А у меня — губная гармошка. И черная шляпа для денег. А кругом — глухая советская власть. Мы успели простоять там минуты четыре. А потом нас взяли под руки и повели… нет, не менты. Люди Феки. Менты никого не трогали…
Пока люди Феки не давали им отмашку.
Люди Феки — хорошо звучит, да?
Это как «люди Флинта». В «Острове сокровищ» Джон Сильвер спрашивает: «Где люди Флинта?»
И потом, именно еще, в «Бригантине»:
Вьется по ветру Веселый Роджер —Люди Флинта песенку поют…
Мы все это пели в пионерском возрасте, «Бригантина» — это было очень важно.
В Флибустьерском Дальнем Синем Море она поднимала паруса.
И как-то это соединилось с Алыми Парусами.
Так назывались всякие кафе.
Клубы молодежного досуга.
Пионерские отряды.
«Алые Паруса». Или «Бригантина». Или «Романтика». Такая вот была наша романтика…
А потом как-то вдруг оказалось, что Флибустьерское Море вовсе не дальнее — оно раскинулось прямо у нас, на берегах Невы.
И все Люди Флинта оказались здесь.
Приплыли на Алых Парусах. Или прямо тут выросли. Из тины и сырости…
Они вызывали у подростков восторг и трепет.
Люди Феки — это было очень круто.
Корсары, бля. Корсары, бля. Корсары.
Нам казалось, что они противостоят власти.
Что они — не хуже диссидентов, борцы и герои.
На самом деле, не знаю, как на Москве, а тут, в Питере, их отношения с властью были именно такие, как у настоящих корсаров.
Власть давно уже кормилась с их разбоя.
В Питере вся ментура была прикормлена.
Саша Башлачев когда-то сочинил такую метафору про нас и Запад:
Вы всё — между ложкой и ложью,А мы всё между волком и вошью.
Волками были вот эти наши корсары.
Вошью, наверное, можно назвать тогдашнюю гэбуху.
Которая охотилась не за реальными преступниками, а за сраной богемой.
Вполне вшивенькое занятие — ловить поэтов. Ну и за косячок тогда давали десятку…
А Волки… это не были привычные уголовники.
Это был наш Молодой Капитализм.
Наше Начинающее Бутлегерство.
В нашем Северном Старом Чикаго.
Фарцовщики одевали народ.
Валютчицы учили камасутре.
Цеховики осваивали производство.
Где-нибудь в недрах Купчина простые советские люди лили саксонский фарфор пятнадцатого века Даже то, что фарфор был изобретен в шестнадцатом, их не останавливало.

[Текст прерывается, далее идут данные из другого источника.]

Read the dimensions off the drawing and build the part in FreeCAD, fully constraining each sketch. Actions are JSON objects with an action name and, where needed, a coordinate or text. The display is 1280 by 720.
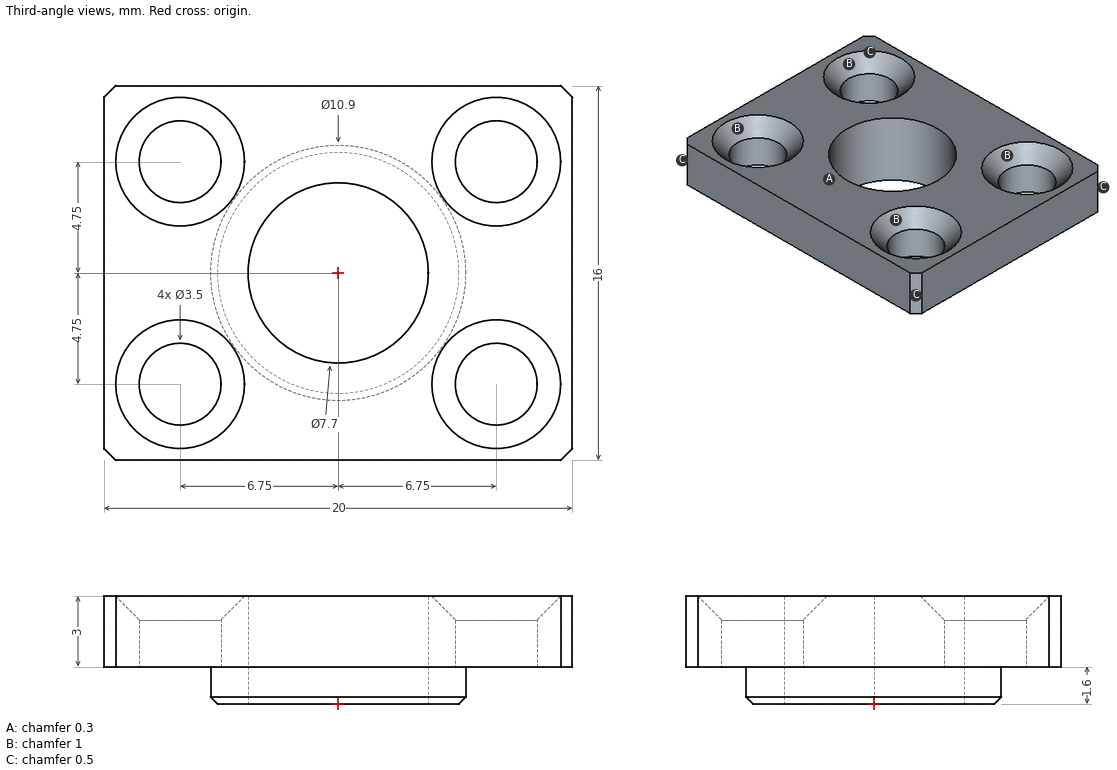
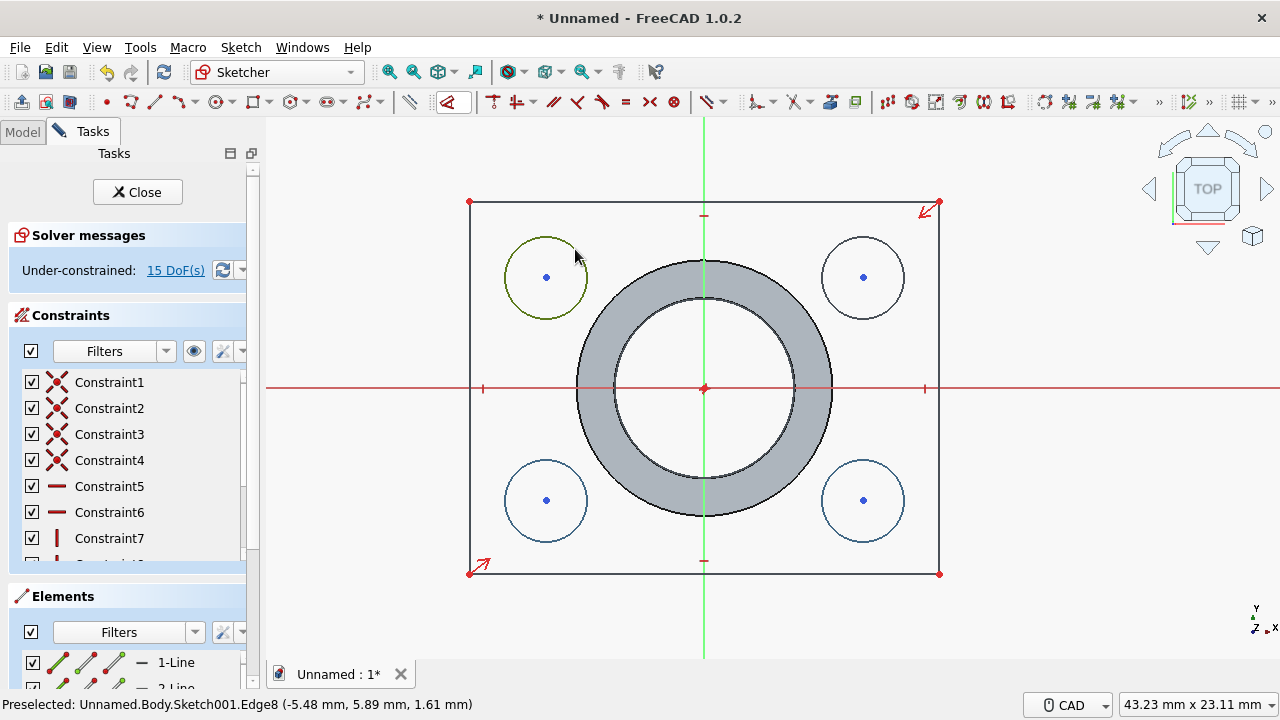
{"action": "left_click", "coordinate": [892, 249]}

Ну, понятное дело, любые поэты этому Подводному Царству были ни хуя не нужны.
А вот художникам и музыкантам — иногда находилась работа.
Кто-то должен был рисовать все эти трафареты, эскизы — в общем, дизайнерство. А музыканты обслуживали досуг.
Жизнь корсара проста: в море бой, а на берегу вечный праздник.
То есть кабак с музоном и телками.
Так что, если художники обслуживали цеховое производство, то есть Морской Бой, то на долю музыкантов приходилось обслуживание Вечного Праздника.
Много народу работало по кабакам. И я пела в кабаке с шестнадцати…
Именно тогда, в те годы, можно было все. Потому что ничего было нельзя. И законы ни хуя не работали. Я стала петь через полтора года после того выхода на Невский… Тогда корсары нас взяли под белы руки и повели. И привели в «Ольстер», там у Феки был порт приписки. Там сидели все люди Флинта каждый вечер.